我们经常能看到这样的一种说法,《班主任》是反抗五十—七十年代一体化,表达知识分子主体觉醒的作品,而刘心武如抵抗黑暗的勇士一般作为一个中学老师勇敢投稿;作品从而发出对集权政治的控诉和知识分子启蒙呼喊的声音(救救孩子)。

尽管这已经成为了我们对这个开端的一种惯常的“记忆”,但在我们接下来的对历史的考察中,我们很快会发现这一说法错漏百出。这一记忆是为一种更宏大的叙述服务的,而它本身也是被建构出来的。事实上,《班主任》能够成为一个有效的宣言并不是在任何时空都可以出现的,而这个宣言发言的主体也许并不仅仅是刘心武这个个体,这个宣言与发言主体的身份、主体在整个形势中的位置等都有密切的关系。

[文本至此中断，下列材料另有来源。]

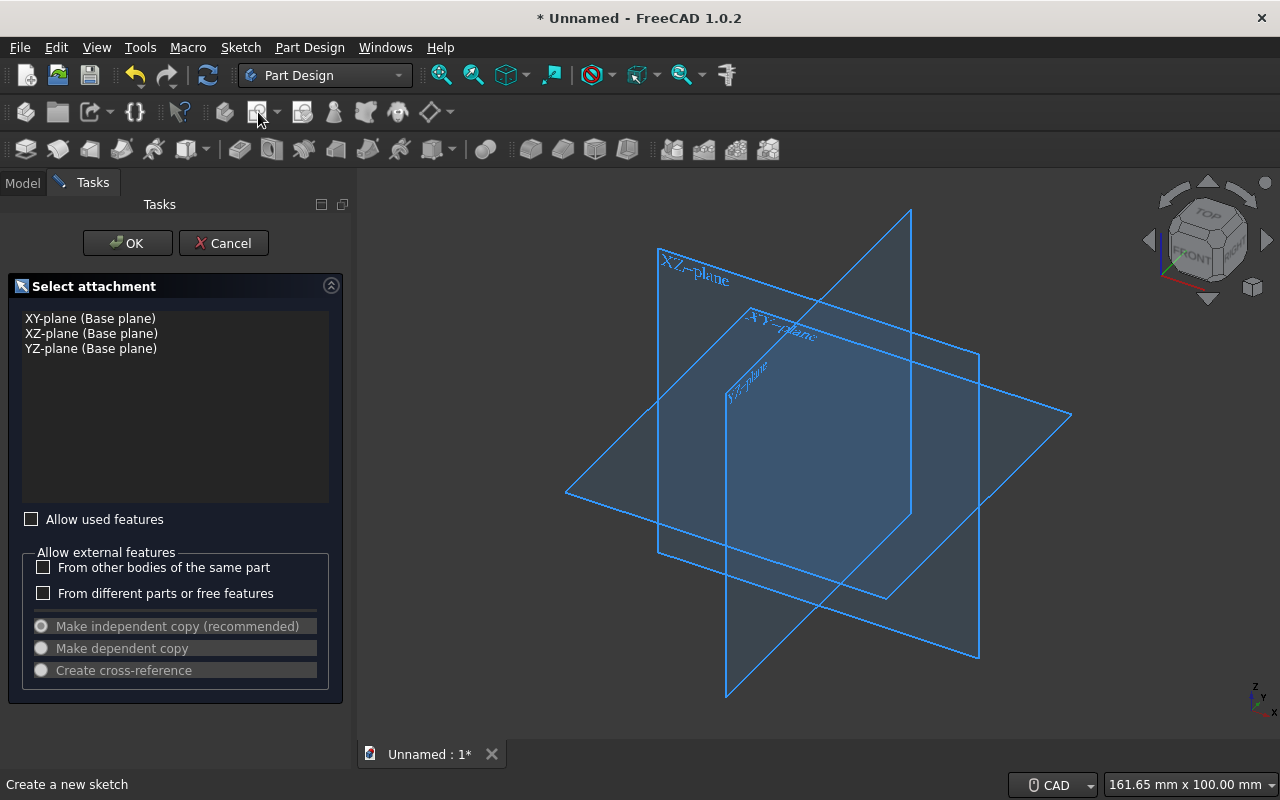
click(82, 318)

让我们先来考虑一下作家和当时政治的关系,也就是发表宣言的时空问题。其实,就连刘心武自己也不得不承认作为一个体制内作家的身份,他在十年后的回忆文章里这样谈到:

当时面对中国从沙漠上重新抽枝的文学,中国的“官方”、中国的文学界、中国的民众,达到了一种非常难得的互相肯定互相扶持的“共度蜜月”的状态,这是一九四九年以来罕见的现象。因此,倘若像我这样的作家,硬要把自己知名度的崛起完完全全归于群众所赐,便太矫情了。④

在刘心武的说法里,中国的“官方”、中国的文学界是合谋的,这在八十年代初期恐怕没有谁会对此提出疑义。然而在后来的历史里,知识分子既然已经和官方“离婚”,又有谁愿意重温这段蜜月呢,把官方书写为一种反抗自由写作的负面力量便显得是很轻易的事情。

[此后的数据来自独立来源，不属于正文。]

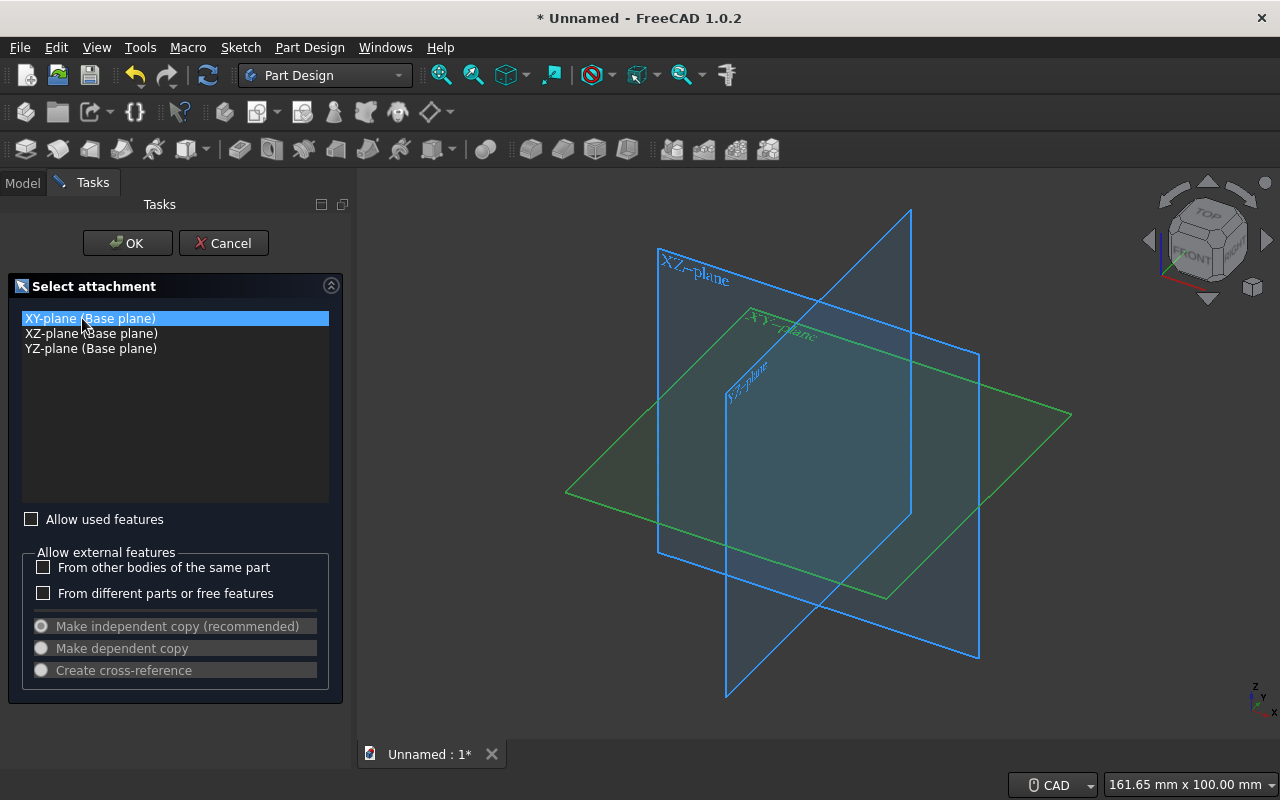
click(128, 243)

其实“官方”在当时的身份并不清晰,不过它肯定不是我们往往误解的一体化的政治:“四人帮”或者极左派;它恰恰是“四人帮”的敌人,也就是在“文革”结束后分裂成的以华国锋为首的“凡是派”和以邓小平为首的“改革派”的混合体。很多证据表明,刘心武及其创作是作为“改革派”的战士而进入了历史的现场,以下我整理了他的《班主任》及其他伤痕文学作品创作的前后活动和当时的政治事件的对应关系来说明这个问题。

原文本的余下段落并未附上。